━━ Task input

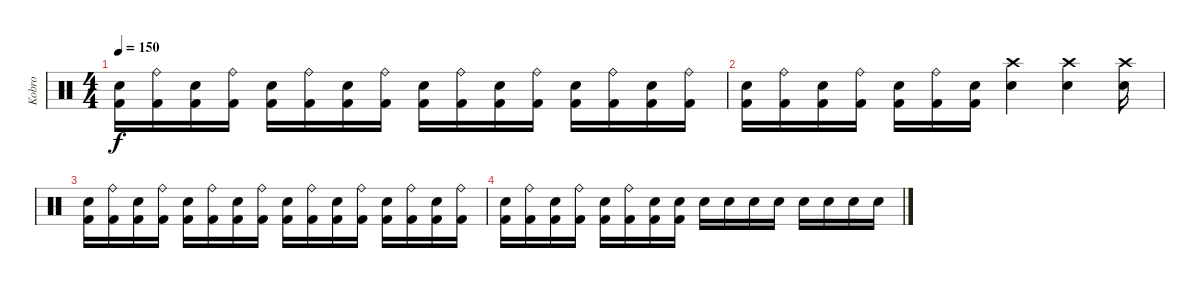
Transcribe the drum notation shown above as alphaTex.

\track ("Kobro" "Kobro") {instrument percussion}
\staff {score}
\articulation defaults
\ts (4 4)
\tempo 150
\clef neutral
\ks c
("Kick (hit) 2" "Electric Snare (hit)").16{dy f} ("Kick (hit) 2" "Ride (bell)").16 ("Kick (hit) 2" "Electric Snare (hit)").16 ("Kick (hit) 2" "Ride (bell)").16 ("Kick (hit) 2" "Electric Snare (hit)").16 ("Kick (hit) 2" "Ride (bell)").16 ("Kick (hit) 2" "Electric Snare (hit)").16 ("Kick (hit) 2" "Ride (bell)").16 ("Kick (hit) 2" "Electric Snare (hit)").16 ("Kick (hit) 2" "Ride (bell)").16 ("Kick (hit) 2" "Electric Snare (hit)").16 ("Kick (hit) 2" "Ride (bell)").16 ("Kick (hit) 2" "Electric Snare (hit)").16 ("Kick (hit) 2" "Ride (bell)").16 ("Kick (hit) 2" "Electric Snare (hit)").16 ("Kick (hit) 2" "Ride (bell)").16 |
("Kick (hit) 2" "Electric Snare (hit)").16 ("Kick (hit) 2" "Ride (bell)").16 ("Kick (hit) 2" "Electric Snare (hit)").16 ("Kick (hit) 2" "Ride (bell)").16 ("Kick (hit) 2" "Electric Snare (hit)").16 ("Kick (hit) 2" "Ride (bell)").16 ("Kick (hit) 2" "Electric Snare (hit)").16 ("Snare (hit) 2" "Crash high (hit)").4 ("Snare (hit) 2" "Crash high (hit)").4 ("Snare (hit) 2" "Crash high (hit)").16 |
("Kick (hit) 2" "Electric Snare (hit)").16 ("Kick (hit) 2" "Ride (bell)").16 ("Kick (hit) 2" "Electric Snare (hit)").16 ("Kick (hit) 2" "Ride (bell)").16 ("Kick (hit) 2" "Electric Snare (hit)").16 ("Kick (hit) 2" "Ride (bell)").16 ("Kick (hit) 2" "Electric Snare (hit)").16 ("Kick (hit) 2" "Ride (bell)").16 ("Kick (hit) 2" "Electric Snare (hit)").16 ("Kick (hit) 2" "Ride (bell)").16 ("Kick (hit) 2" "Electric Snare (hit)").16 ("Kick (hit) 2" "Ride (bell)").16 ("Kick (hit) 2" "Electric Snare (hit)").16 ("Kick (hit) 2" "Ride (bell)").16 ("Kick (hit) 2" "Electric Snare (hit)").16 ("Kick (hit) 2" "Ride (bell)").16 |
("Kick (hit) 2" "Electric Snare (hit)").16 ("Kick (hit) 2" "Ride (bell)").16 ("Kick (hit) 2" "Electric Snare (hit)").16 ("Kick (hit) 2" "Ride (bell)").16 ("Kick (hit) 2" "Electric Snare (hit)").16 ("Kick (hit) 2" "Ride (bell)").16 ("Kick (hit) 2" "Electric Snare (hit)").16 ("Snare (hit) 2" "Kick (hit) 2").16 "Electric Snare (hit)".16 "Electric Snare (hit)".16 "Electric Snare (hit)".16 "Electric Snare (hit)".16 "Snare (hit) 2".16 "Snare (hit) 2".16 "Snare (hit) 2".16 "Snare (hit) 2".16
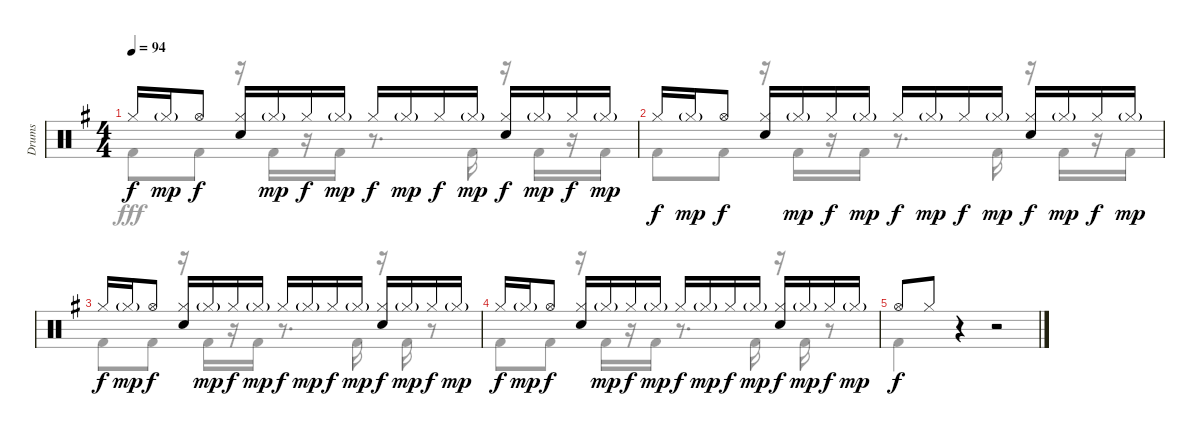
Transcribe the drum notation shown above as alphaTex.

\track ("Drums" "Drums") {instrument percussion}
\staff {score}
\articulation defaults
\voice
\ts (4 4)
\tempo 94
\clef neutral
\ks g "Hi-Hat (closed)".16{dy f} "Hi-Hat (closed)"{g}.16{dy mp} "Hi-Hat (open)".8{dy f}
("Hi-Hat (closed)" "Snare (hit) 2").16 "Hi-Hat (closed)"{g}.16{dy mp} "Hi-Hat (closed)".16{dy f} "Hi-Hat (closed)"{g}.16{dy mp} "Hi-Hat (closed)".16{dy f} "Hi-Hat (closed)"{g}.16{dy mp} "Hi-Hat (closed)".16{dy f} "Hi-Hat (closed)"{g}.16{dy mp} ("Hi-Hat (closed)" "Snare (hit) 2").16{dy f} "Hi-Hat (closed)"{g}.16{dy mp} "Hi-Hat (closed)".16{dy f} "Hi-Hat (closed)"{g}.16{dy mp} |
"Hi-Hat (closed)".16{dy f} "Hi-Hat (closed)"{g}.16{dy mp} "Hi-Hat (open)".8{dy f} ("Hi-Hat (closed)" "Snare (hit) 2").16 "Hi-Hat (closed)"{g}.16{dy mp} "Hi-Hat (closed)".16{dy f} "Hi-Hat (closed)"{g}.16{dy mp} "Hi-Hat (closed)".16{dy f} "Hi-Hat (closed)"{g}.16{dy mp} "Hi-Hat (closed)".16{dy f} "Hi-Hat (closed)"{g}.16{dy mp} ("Hi-Hat (closed)" "Snare (hit) 2").16{dy f} "Hi-Hat (closed)"{g}.16{dy mp} "Hi-Hat (closed)".16{dy f} "Hi-Hat (closed)"{g}.16{dy mp} |
"Hi-Hat (closed)".16{dy f} "Hi-Hat (closed)"{g}.16{dy mp} "Hi-Hat (open)".8{dy f} ("Hi-Hat (closed)" "Snare (hit) 2").16 "Hi-Hat (closed)"{g}.16{dy mp} "Hi-Hat (closed)".16{dy f} "Hi-Hat (closed)"{g}.16{dy mp} "Hi-Hat (closed)".16{dy f} "Hi-Hat (closed)"{g}.16{dy mp} "Hi-Hat (closed)".16{dy f} "Hi-Hat (closed)"{g}.16{dy mp} ("Hi-Hat (closed)" "Snare (hit) 2").16{dy f} "Hi-Hat (closed)"{g}.16{dy mp} "Hi-Hat (closed)".16{dy f} "Hi-Hat (closed)"{g}.16{dy mp} |
"Hi-Hat (closed)".16{dy f} "Hi-Hat (closed)"{g}.16{dy mp} "Hi-Hat (open)".8{dy f} ("Hi-Hat (closed)" "Snare (hit) 2").16 "Hi-Hat (closed)"{g}.16{dy mp} "Hi-Hat (closed)".16{dy f} "Hi-Hat (closed)"{g}.16{dy mp} "Hi-Hat (closed)".16{dy f} "Hi-Hat (closed)"{g}.16{dy mp} "Hi-Hat (closed)".16{dy f} "Hi-Hat (closed)"{g}.16{dy mp} ("Hi-Hat (closed)" "Snare (hit) 2").16{dy f} "Hi-Hat (closed)"{g}.16{dy mp} "Hi-Hat (closed)".16{dy f} "Hi-Hat (closed)"{g}.16{dy mp} |
"Hi-Hat (open)".8{dy f} "Hi-Hat (closed)".8 r.4 r.2
\voice
\clef neutral
\ottava regular
\simile none
\ks g "Kick (hit) 2".8{dy fff} "Kick (hit) 2".8
r.16 "Kick (hit) 2".16 r.16 "Kick (hit) 2".16 r.8{d} "Kick (hit) 2".16 r.16 "Kick (hit) 2".16 r.16 "Kick (hit) 2".16 |
"Kick (hit) 2".8 "Kick (hit) 2".8 r.16 "Kick (hit) 2".16 r.16 "Kick (hit) 2".16 r.8{d} "Kick (hit) 2".16 r.16 "Kick (hit) 2".16 r.16 "Kick (hit) 2".16 |
"Kick (hit) 2".8 "Kick (hit) 2".8 r.16 "Kick (hit) 2".16 r.16 "Kick (hit) 2".16 r.8{d} "Kick (hit) 2".16 r.16 "Kick (hit) 2".16 r.8 |
"Kick (hit) 2".8 "Kick (hit) 2".8 r.16 "Kick (hit) 2".16 r.16 "Kick (hit) 2".16 r.8{d} "Kick (hit) 2".16 r.16 "Kick (hit) 2".16 r.8 |
"Kick (hit) 2".4 r.4 r.2

━━━━

The task:
This exercise calls for a verbatim output of the entries, pictures omitted.

Output for this exercise:
Transcribe the drum notation shown above as alphaTex.

\track ("Kobro" "Kobro") {instrument percussion}
\staff {score}
\articulation defaults
\ts (4 4)
\tempo 150
\clef neutral
\ks c
("Kick (hit) 2" "Electric Snare (hit)").16{dy f} ("Kick (hit) 2" "Ride (bell)").16 ("Kick (hit) 2" "Electric Snare (hit)").16 ("Kick (hit) 2" "Ride (bell)").16 ("Kick (hit) 2" "Electric Snare (hit)").16 ("Kick (hit) 2" "Ride (bell)").16 ("Kick (hit) 2" "Electric Snare (hit)").16 ("Kick (hit) 2" "Ride (bell)").16 ("Kick (hit) 2" "Electric Snare (hit)").16 ("Kick (hit) 2" "Ride (bell)").16 ("Kick (hit) 2" "Electric Snare (hit)").16 ("Kick (hit) 2" "Ride (bell)").16 ("Kick (hit) 2" "Electric Snare (hit)").16 ("Kick (hit) 2" "Ride (bell)").16 ("Kick (hit) 2" "Electric Snare (hit)").16 ("Kick (hit) 2" "Ride (bell)").16 |
("Kick (hit) 2" "Electric Snare (hit)").16 ("Kick (hit) 2" "Ride (bell)").16 ("Kick (hit) 2" "Electric Snare (hit)").16 ("Kick (hit) 2" "Ride (bell)").16 ("Kick (hit) 2" "Electric Snare (hit)").16 ("Kick (hit) 2" "Ride (bell)").16 ("Kick (hit) 2" "Electric Snare (hit)").16 ("Snare (hit) 2" "Crash high (hit)").4 ("Snare (hit) 2" "Crash high (hit)").4 ("Snare (hit) 2" "Crash high (hit)").16 |
("Kick (hit) 2" "Electric Snare (hit)").16 ("Kick (hit) 2" "Ride (bell)").16 ("Kick (hit) 2" "Electric Snare (hit)").16 ("Kick (hit) 2" "Ride (bell)").16 ("Kick (hit) 2" "Electric Snare (hit)").16 ("Kick (hit) 2" "Ride (bell)").16 ("Kick (hit) 2" "Electric Snare (hit)").16 ("Kick (hit) 2" "Ride (bell)").16 ("Kick (hit) 2" "Electric Snare (hit)").16 ("Kick (hit) 2" "Ride (bell)").16 ("Kick (hit) 2" "Electric Snare (hit)").16 ("Kick (hit) 2" "Ride (bell)").16 ("Kick (hit) 2" "Electric Snare (hit)").16 ("Kick (hit) 2" "Ride (bell)").16 ("Kick (hit) 2" "Electric Snare (hit)").16 ("Kick (hit) 2" "Ride (bell)").16 |
("Kick (hit) 2" "Electric Snare (hit)").16 ("Kick (hit) 2" "Ride (bell)").16 ("Kick (hit) 2" "Electric Snare (hit)").16 ("Kick (hit) 2" "Ride (bell)").16 ("Kick (hit) 2" "Electric Snare (hit)").16 ("Kick (hit) 2" "Ride (bell)").16 ("Kick (hit) 2" "Electric Snare (hit)").16 ("Snare (hit) 2" "Kick (hit) 2").16 "Electric Snare (hit)".16 "Electric Snare (hit)".16 "Electric Snare (hit)".16 "Electric Snare (hit)".16 "Snare (hit) 2".16 "Snare (hit) 2".16 "Snare (hit) 2".16 "Snare (hit) 2".16
Transcribe the drum notation shown above as alphaTex.

\track ("Drums" "Drums") {instrument percussion}
\staff {score}
\articulation defaults
\voice
\ts (4 4)
\tempo 94
\clef neutral
\ks g "Hi-Hat (closed)".16{dy f} "Hi-Hat (closed)"{g}.16{dy mp} "Hi-Hat (open)".8{dy f}
("Hi-Hat (closed)" "Snare (hit) 2").16 "Hi-Hat (closed)"{g}.16{dy mp} "Hi-Hat (closed)".16{dy f} "Hi-Hat (closed)"{g}.16{dy mp} "Hi-Hat (closed)".16{dy f} "Hi-Hat (closed)"{g}.16{dy mp} "Hi-Hat (closed)".16{dy f} "Hi-Hat (closed)"{g}.16{dy mp} ("Hi-Hat (closed)" "Snare (hit) 2").16{dy f} "Hi-Hat (closed)"{g}.16{dy mp} "Hi-Hat (closed)".16{dy f} "Hi-Hat (closed)"{g}.16{dy mp} |
"Hi-Hat (closed)".16{dy f} "Hi-Hat (closed)"{g}.16{dy mp} "Hi-Hat (open)".8{dy f} ("Hi-Hat (closed)" "Snare (hit) 2").16 "Hi-Hat (closed)"{g}.16{dy mp} "Hi-Hat (closed)".16{dy f} "Hi-Hat (closed)"{g}.16{dy mp} "Hi-Hat (closed)".16{dy f} "Hi-Hat (closed)"{g}.16{dy mp} "Hi-Hat (closed)".16{dy f} "Hi-Hat (closed)"{g}.16{dy mp} ("Hi-Hat (closed)" "Snare (hit) 2").16{dy f} "Hi-Hat (closed)"{g}.16{dy mp} "Hi-Hat (closed)".16{dy f} "Hi-Hat (closed)"{g}.16{dy mp} |
"Hi-Hat (closed)".16{dy f} "Hi-Hat (closed)"{g}.16{dy mp} "Hi-Hat (open)".8{dy f} ("Hi-Hat (closed)" "Snare (hit) 2").16 "Hi-Hat (closed)"{g}.16{dy mp} "Hi-Hat (closed)".16{dy f} "Hi-Hat (closed)"{g}.16{dy mp} "Hi-Hat (closed)".16{dy f} "Hi-Hat (closed)"{g}.16{dy mp} "Hi-Hat (closed)".16{dy f} "Hi-Hat (closed)"{g}.16{dy mp} ("Hi-Hat (closed)" "Snare (hit) 2").16{dy f} "Hi-Hat (closed)"{g}.16{dy mp} "Hi-Hat (closed)".16{dy f} "Hi-Hat (closed)"{g}.16{dy mp} |
"Hi-Hat (closed)".16{dy f} "Hi-Hat (closed)"{g}.16{dy mp} "Hi-Hat (open)".8{dy f} ("Hi-Hat (closed)" "Snare (hit) 2").16 "Hi-Hat (closed)"{g}.16{dy mp} "Hi-Hat (closed)".16{dy f} "Hi-Hat (closed)"{g}.16{dy mp} "Hi-Hat (closed)".16{dy f} "Hi-Hat (closed)"{g}.16{dy mp} "Hi-Hat (closed)".16{dy f} "Hi-Hat (closed)"{g}.16{dy mp} ("Hi-Hat (closed)" "Snare (hit) 2").16{dy f} "Hi-Hat (closed)"{g}.16{dy mp} "Hi-Hat (closed)".16{dy f} "Hi-Hat (closed)"{g}.16{dy mp} |
"Hi-Hat (open)".8{dy f} "Hi-Hat (closed)".8 r.4 r.2
\voice
\clef neutral
\ottava regular
\simile none
\ks g "Kick (hit) 2".8{dy fff} "Kick (hit) 2".8
r.16 "Kick (hit) 2".16 r.16 "Kick (hit) 2".16 r.8{d} "Kick (hit) 2".16 r.16 "Kick (hit) 2".16 r.16 "Kick (hit) 2".16 |
"Kick (hit) 2".8 "Kick (hit) 2".8 r.16 "Kick (hit) 2".16 r.16 "Kick (hit) 2".16 r.8{d} "Kick (hit) 2".16 r.16 "Kick (hit) 2".16 r.16 "Kick (hit) 2".16 |
"Kick (hit) 2".8 "Kick (hit) 2".8 r.16 "Kick (hit) 2".16 r.16 "Kick (hit) 2".16 r.8{d} "Kick (hit) 2".16 r.16 "Kick (hit) 2".16 r.8 |
"Kick (hit) 2".8 "Kick (hit) 2".8 r.16 "Kick (hit) 2".16 r.16 "Kick (hit) 2".16 r.8{d} "Kick (hit) 2".16 r.16 "Kick (hit) 2".16 r.8 |
"Kick (hit) 2".4 r.4 r.2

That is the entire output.